Required action:
Would you reproduce, word for word, only the lines from the one with "Answer: 2 what" to the end of the listing below?

════

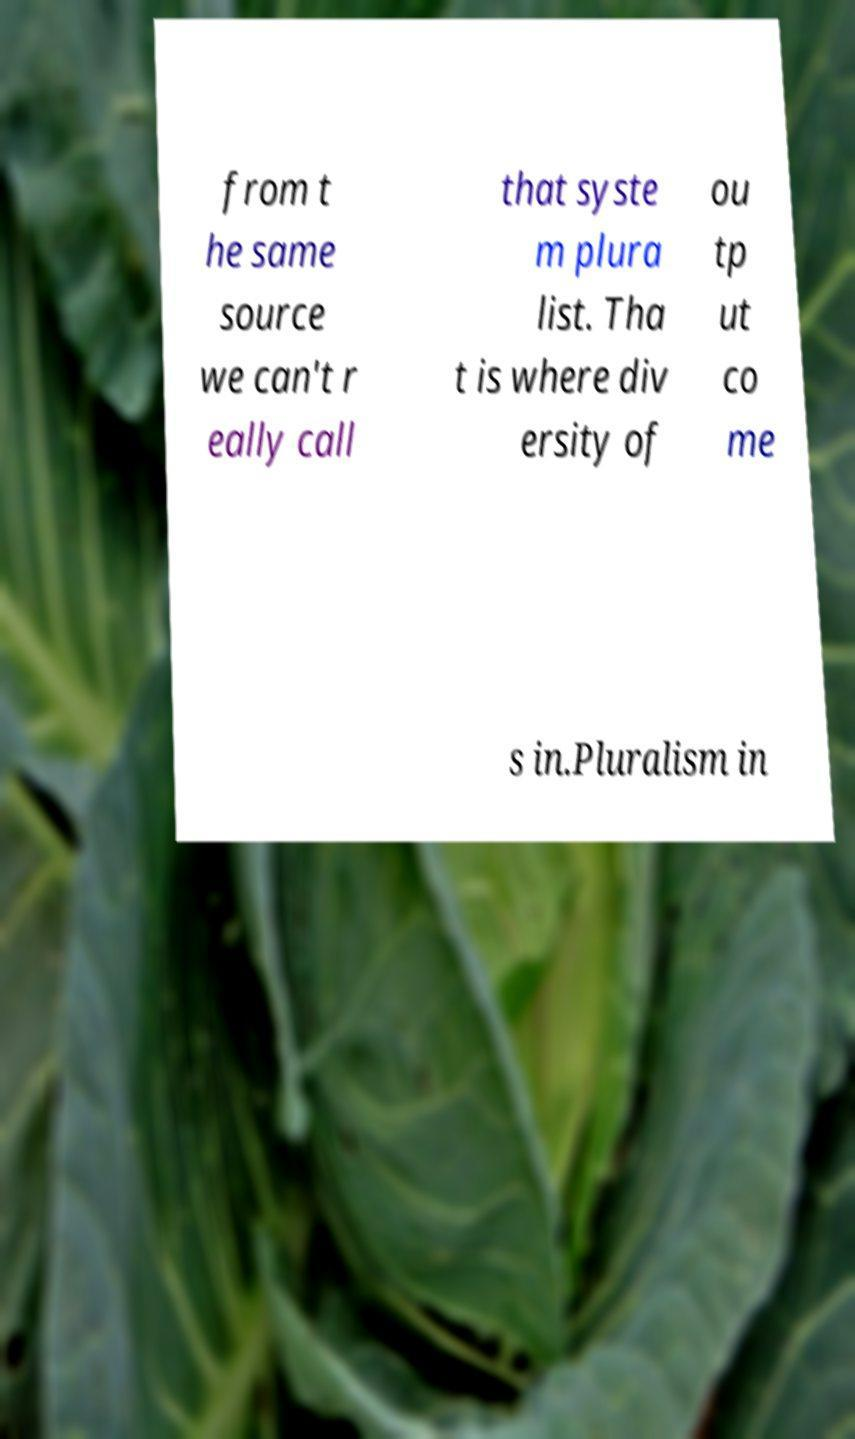Could you extract and type out the text from this image? from t he same source we can't r eally call that syste m plura list. Tha t is where div ersity of ou tp ut co me s in.Pluralism in 
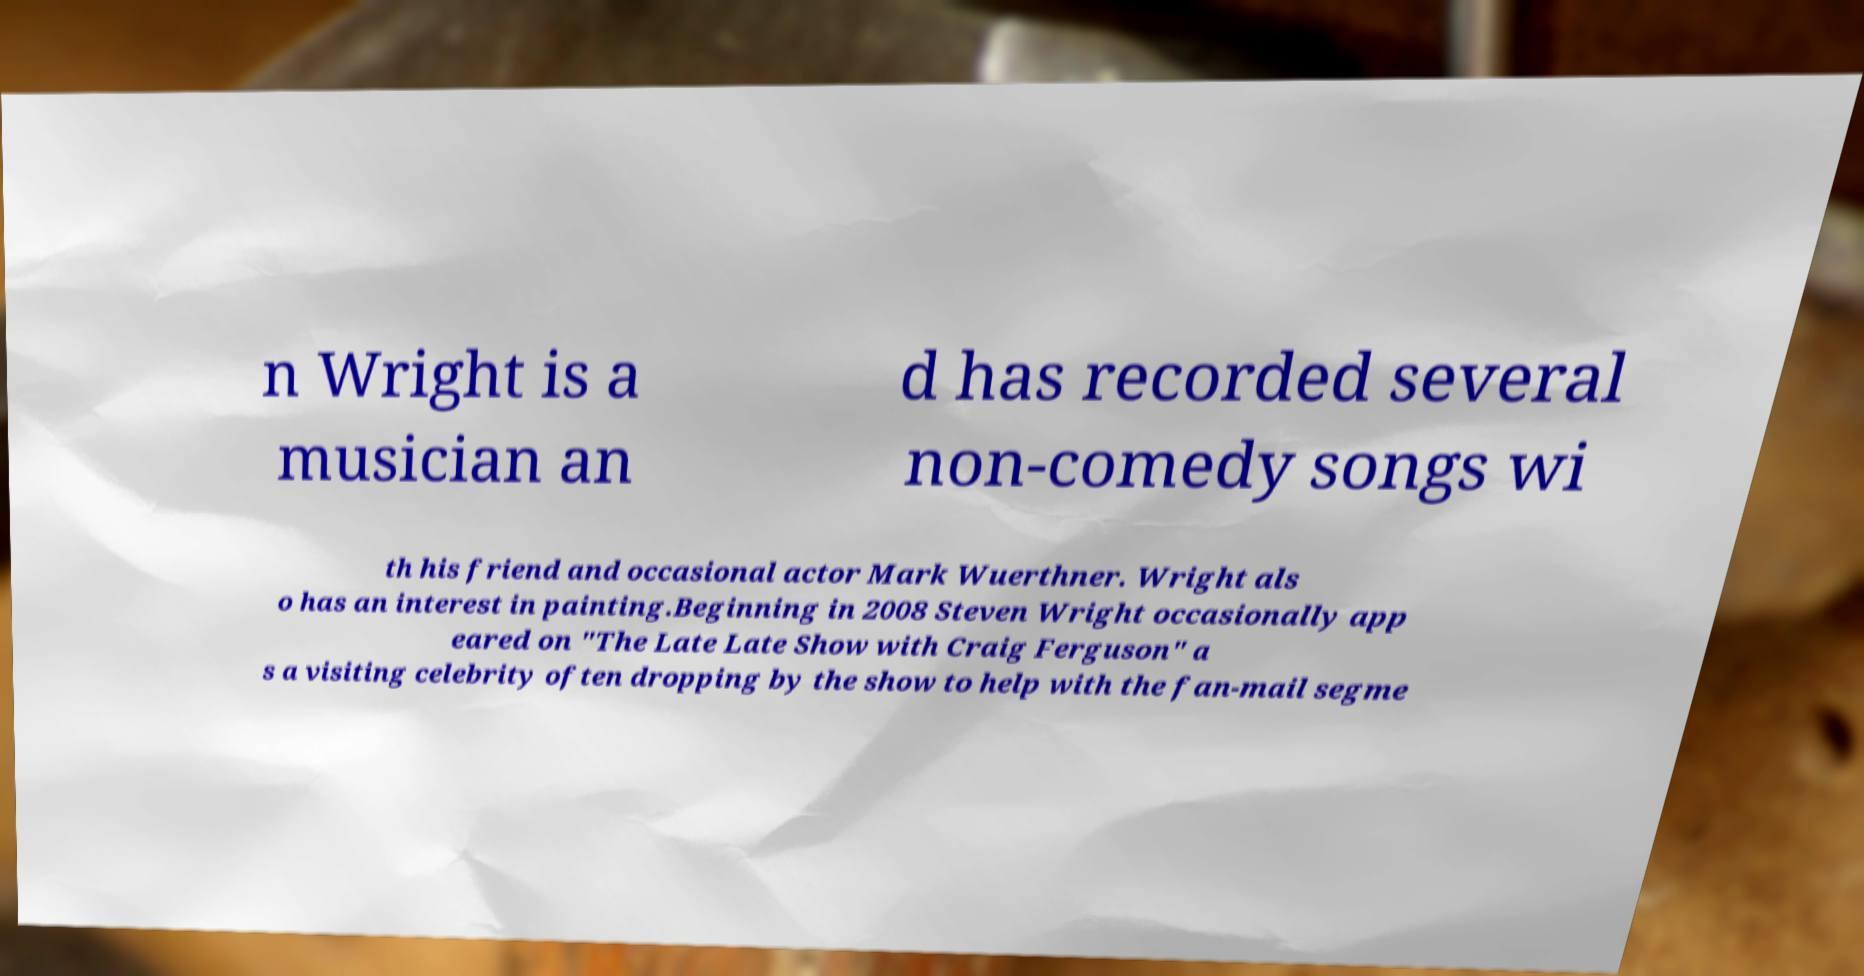Could you extract and type out the text from this image? n Wright is a musician an d has recorded several non-comedy songs wi th his friend and occasional actor Mark Wuerthner. Wright als o has an interest in painting.Beginning in 2008 Steven Wright occasionally app eared on "The Late Late Show with Craig Ferguson" a s a visiting celebrity often dropping by the show to help with the fan-mail segme 
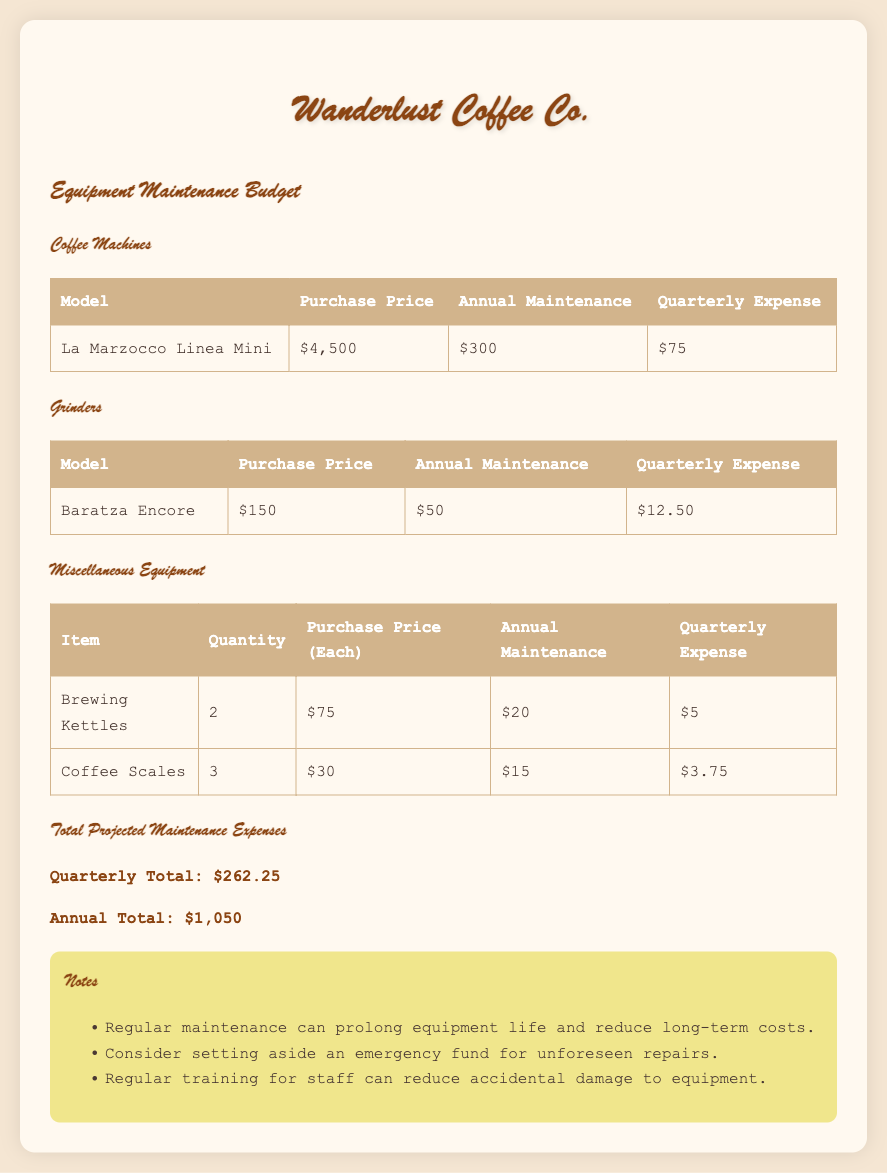what is the purchase price of the La Marzocco Linea Mini? The purchase price for the La Marzocco Linea Mini is listed in the Coffee Machines section as $4,500.
Answer: $4,500 what is the quarterly expense for the Baratza Encore grinder? The quarterly expense for the Baratza Encore can be found in the Grinders section, which states it is $12.50.
Answer: $12.50 how many Brewing Kettles are listed in the budget? The table for Miscellaneous Equipment shows that there are 2 Brewing Kettles listed.
Answer: 2 what is the total projected quarterly maintenance expenses? The total projected maintenance expenses are summarized at the end of the document, showing a quarterly total of $262.25.
Answer: $262.25 what is the annual maintenance cost for all equipment combined? The document states the annual total for equipment maintenance expenses is $1,050.
Answer: $1,050 what is the annual maintenance cost for the La Marzocco Linea Mini? The maintenance details in the Coffee Machines section indicate that the annual maintenance for the La Marzocco Linea Mini is $300.
Answer: $300 what is the total number of Coffee Scales mentioned in the budget? The Miscellaneous Equipment section provides that there are 3 Coffee Scales included in the listing.
Answer: 3 what is suggested to consider for unforeseen repairs? A note suggests considering setting aside an emergency fund for unforeseen repairs.
Answer: emergency fund

════

Output of the exercise:
Answer: 2 what is the total projected quarterly maintenance expenses? The total projected maintenance expenses are summarized at the end of the document, showing a quarterly total of $262.25.
Answer: $262.25 what is the annual maintenance cost for all equipment combined? The document states the annual total for equipment maintenance expenses is $1,050.
Answer: $1,050 what is the annual maintenance cost for the La Marzocco Linea Mini? The maintenance details in the Coffee Machines section indicate that the annual maintenance for the La Marzocco Linea Mini is $300.
Answer: $300 what is the total number of Coffee Scales mentioned in the budget? The Miscellaneous Equipment section provides that there are 3 Coffee Scales included in the listing.
Answer: 3 what is suggested to consider for unforeseen repairs? A note suggests considering setting aside an emergency fund for unforeseen repairs.
Answer: emergency fund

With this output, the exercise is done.